## Records to use
......
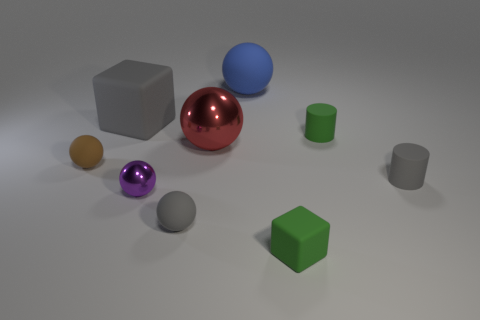How many spheres are visible in the image, and which one would you say is the most striking? There are three spheres in this image. The most striking one could be considered the red sphere, given its vibrant color and reflective surface that catches the light, drawing immediate attention. 
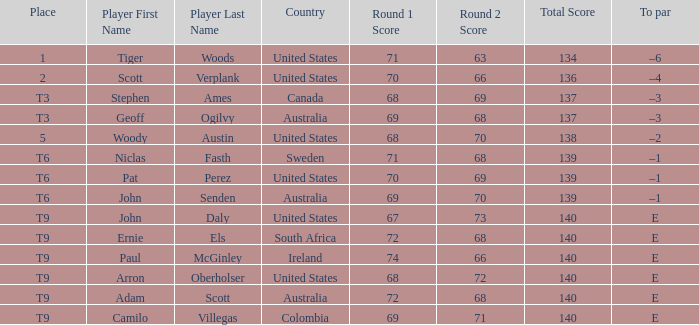Which player has a to par of e and a score of 67-73=140? John Daly. 
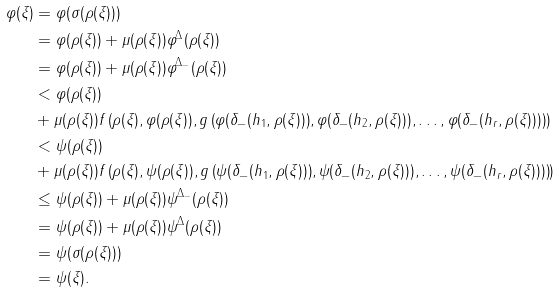Convert formula to latex. <formula><loc_0><loc_0><loc_500><loc_500>\varphi ( \xi ) & = \varphi ( \sigma ( \rho ( \xi ) ) ) \\ & = \varphi ( \rho ( \xi ) ) + \mu ( \rho ( \xi ) ) \varphi ^ { \Delta } ( \rho ( \xi ) ) \\ & = \varphi ( \rho ( \xi ) ) + \mu ( \rho ( \xi ) ) \varphi ^ { \Delta _ { - } } ( \rho ( \xi ) ) \\ & < \varphi ( \rho ( \xi ) ) \\ & + \mu ( \rho ( \xi ) ) f \left ( \rho ( \xi ) , \varphi ( \rho ( \xi ) ) , g \left ( \varphi ( \delta _ { - } ( h _ { 1 } , \rho ( \xi ) ) ) , \varphi ( \delta _ { - } ( h _ { 2 } , \rho ( \xi ) ) ) , \dots , \varphi ( \delta _ { - } ( h _ { r } , \rho ( \xi ) ) ) \right ) \right ) \\ & < \psi ( \rho ( \xi ) ) \\ & + \mu ( \rho ( \xi ) ) f \left ( \rho ( \xi ) , \psi ( \rho ( \xi ) ) , g \left ( \psi ( \delta _ { - } ( h _ { 1 } , \rho ( \xi ) ) ) , \psi ( \delta _ { - } ( h _ { 2 } , \rho ( \xi ) ) ) , \dots , \psi ( \delta _ { - } ( h _ { r } , \rho ( \xi ) ) ) \right ) \right ) \\ & \leq \psi ( \rho ( \xi ) ) + \mu ( \rho ( \xi ) ) \psi ^ { \Delta _ { - } } ( \rho ( \xi ) ) \\ & = \psi ( \rho ( \xi ) ) + \mu ( \rho ( \xi ) ) \psi ^ { \Delta } ( \rho ( \xi ) ) \\ & = \psi ( \sigma ( \rho ( \xi ) ) ) \\ & = \psi ( \xi ) .</formula> 
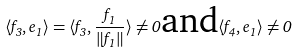<formula> <loc_0><loc_0><loc_500><loc_500>\langle f _ { 3 } , e _ { 1 } \rangle = \langle f _ { 3 } , \frac { f _ { 1 } } { \| f _ { 1 } \| } \rangle \neq 0 \text {and} \langle f _ { 4 } , e _ { 1 } \rangle \neq 0</formula> 
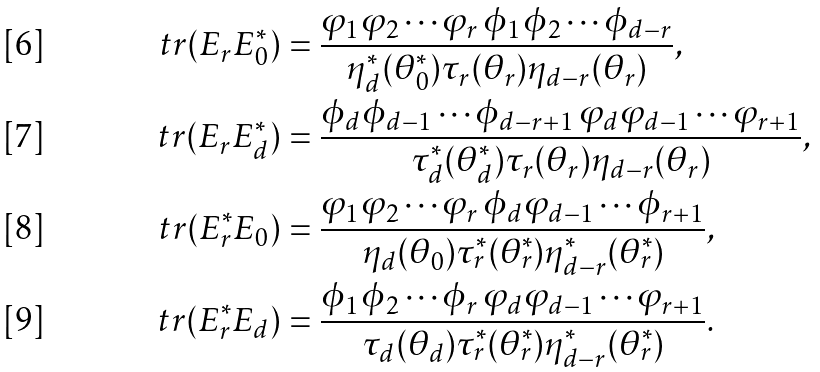Convert formula to latex. <formula><loc_0><loc_0><loc_500><loc_500>\ t r ( E _ { r } E ^ { * } _ { 0 } ) & = \frac { \varphi _ { 1 } \varphi _ { 2 } \cdots \varphi _ { r } \, \phi _ { 1 } \phi _ { 2 } \cdots \phi _ { d - r } } { \eta ^ { * } _ { d } ( \theta ^ { * } _ { 0 } ) \tau _ { r } ( \theta _ { r } ) \eta _ { d - r } ( \theta _ { r } ) } , \\ \ t r ( E _ { r } E ^ { * } _ { d } ) & = \frac { \phi _ { d } \phi _ { d - 1 } \cdots \phi _ { d - r + 1 } \, \varphi _ { d } \varphi _ { d - 1 } \cdots \varphi _ { r + 1 } } { \tau ^ { * } _ { d } ( \theta ^ { * } _ { d } ) \tau _ { r } ( \theta _ { r } ) \eta _ { d - r } ( \theta _ { r } ) } , \\ \ t r ( E ^ { * } _ { r } E _ { 0 } ) & = \frac { \varphi _ { 1 } \varphi _ { 2 } \cdots \varphi _ { r } \, \phi _ { d } \varphi _ { d - 1 } \cdots \phi _ { r + 1 } } { \eta _ { d } ( \theta _ { 0 } ) \tau ^ { * } _ { r } ( \theta ^ { * } _ { r } ) \eta ^ { * } _ { d - r } ( \theta ^ { * } _ { r } ) } , \\ \ t r ( E ^ { * } _ { r } E _ { d } ) & = \frac { \phi _ { 1 } \phi _ { 2 } \cdots \phi _ { r } \, \varphi _ { d } \varphi _ { d - 1 } \cdots \varphi _ { r + 1 } } { \tau _ { d } ( \theta _ { d } ) \tau ^ { * } _ { r } ( \theta ^ { * } _ { r } ) \eta ^ { * } _ { d - r } ( \theta ^ { * } _ { r } ) } .</formula> 
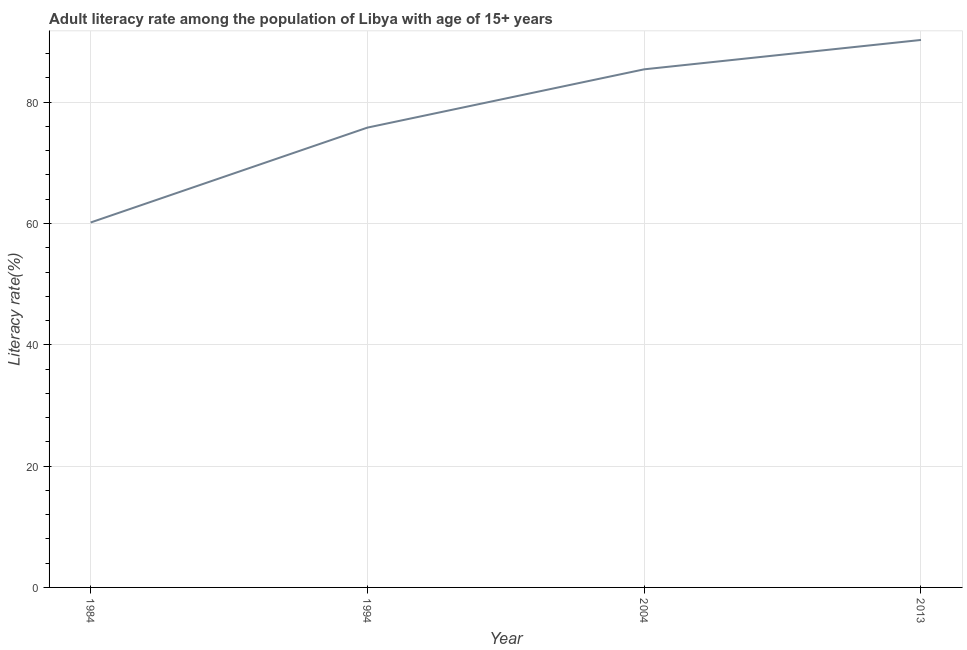What is the adult literacy rate in 2004?
Make the answer very short. 85.42. Across all years, what is the maximum adult literacy rate?
Your answer should be very brief. 90.26. Across all years, what is the minimum adult literacy rate?
Your answer should be compact. 60.16. In which year was the adult literacy rate minimum?
Offer a very short reply. 1984. What is the sum of the adult literacy rate?
Provide a short and direct response. 311.65. What is the difference between the adult literacy rate in 1994 and 2004?
Your response must be concise. -9.61. What is the average adult literacy rate per year?
Your answer should be compact. 77.91. What is the median adult literacy rate?
Offer a terse response. 80.61. What is the ratio of the adult literacy rate in 1984 to that in 2004?
Make the answer very short. 0.7. Is the difference between the adult literacy rate in 1994 and 2013 greater than the difference between any two years?
Provide a succinct answer. No. What is the difference between the highest and the second highest adult literacy rate?
Your response must be concise. 4.84. What is the difference between the highest and the lowest adult literacy rate?
Make the answer very short. 30.09. In how many years, is the adult literacy rate greater than the average adult literacy rate taken over all years?
Offer a very short reply. 2. How many lines are there?
Offer a very short reply. 1. How many years are there in the graph?
Keep it short and to the point. 4. What is the difference between two consecutive major ticks on the Y-axis?
Offer a very short reply. 20. Does the graph contain grids?
Offer a very short reply. Yes. What is the title of the graph?
Give a very brief answer. Adult literacy rate among the population of Libya with age of 15+ years. What is the label or title of the Y-axis?
Ensure brevity in your answer.  Literacy rate(%). What is the Literacy rate(%) in 1984?
Ensure brevity in your answer.  60.16. What is the Literacy rate(%) in 1994?
Provide a succinct answer. 75.81. What is the Literacy rate(%) of 2004?
Keep it short and to the point. 85.42. What is the Literacy rate(%) in 2013?
Keep it short and to the point. 90.26. What is the difference between the Literacy rate(%) in 1984 and 1994?
Offer a terse response. -15.64. What is the difference between the Literacy rate(%) in 1984 and 2004?
Give a very brief answer. -25.25. What is the difference between the Literacy rate(%) in 1984 and 2013?
Offer a very short reply. -30.09. What is the difference between the Literacy rate(%) in 1994 and 2004?
Provide a short and direct response. -9.61. What is the difference between the Literacy rate(%) in 1994 and 2013?
Your answer should be compact. -14.45. What is the difference between the Literacy rate(%) in 2004 and 2013?
Keep it short and to the point. -4.84. What is the ratio of the Literacy rate(%) in 1984 to that in 1994?
Provide a succinct answer. 0.79. What is the ratio of the Literacy rate(%) in 1984 to that in 2004?
Your answer should be compact. 0.7. What is the ratio of the Literacy rate(%) in 1984 to that in 2013?
Offer a very short reply. 0.67. What is the ratio of the Literacy rate(%) in 1994 to that in 2004?
Your response must be concise. 0.89. What is the ratio of the Literacy rate(%) in 1994 to that in 2013?
Your response must be concise. 0.84. What is the ratio of the Literacy rate(%) in 2004 to that in 2013?
Your answer should be very brief. 0.95. 
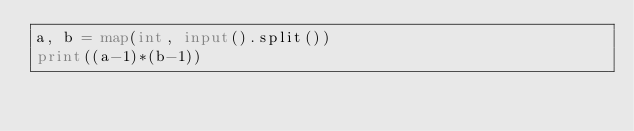<code> <loc_0><loc_0><loc_500><loc_500><_Python_>a, b = map(int, input().split())
print((a-1)*(b-1))
</code> 
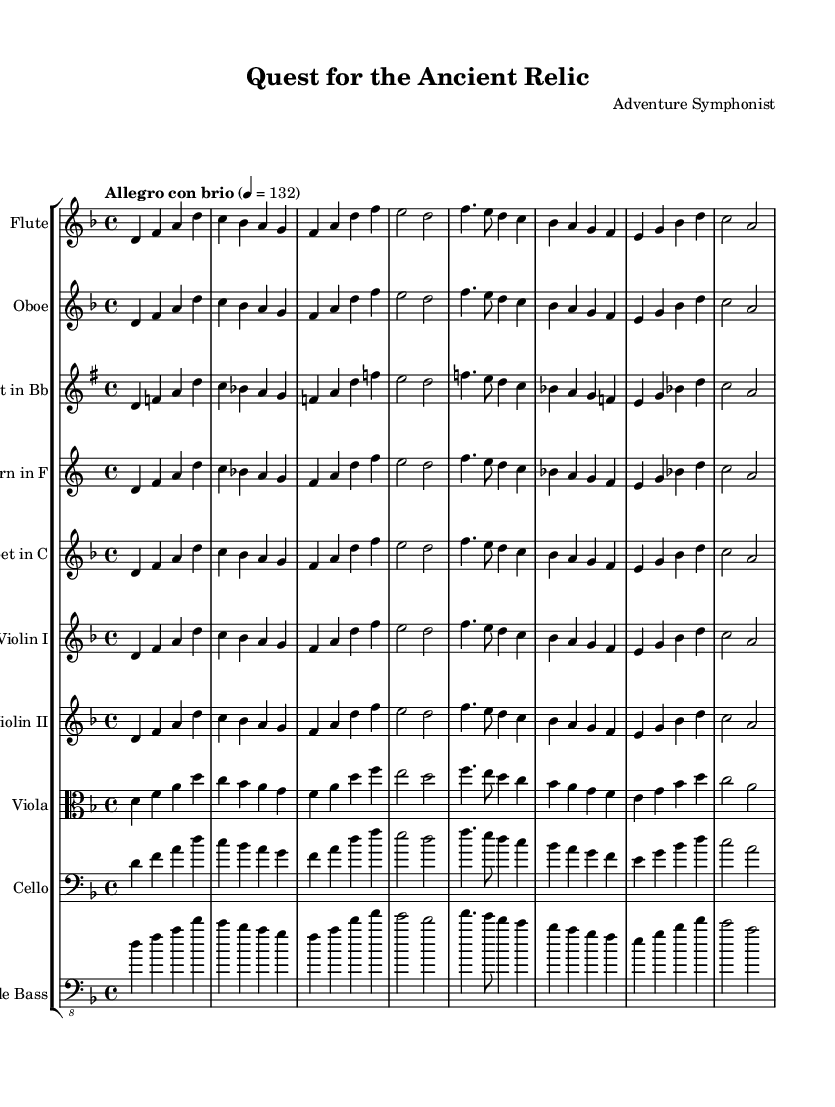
......
## Activity
Give again, word for word, only the lines that run from the top of the data above through the line with "Which player has". Drop the pictures.

## Response box
How many spheres are visible in the image, and which one would you say is the most striking? There are three spheres in this image. The most striking one could be considered the red sphere, given its vibrant color and reflective surface that catches the light, drawing immediate attention. 
Which player has a to par of e and a score of 67-73=140? John Daly. 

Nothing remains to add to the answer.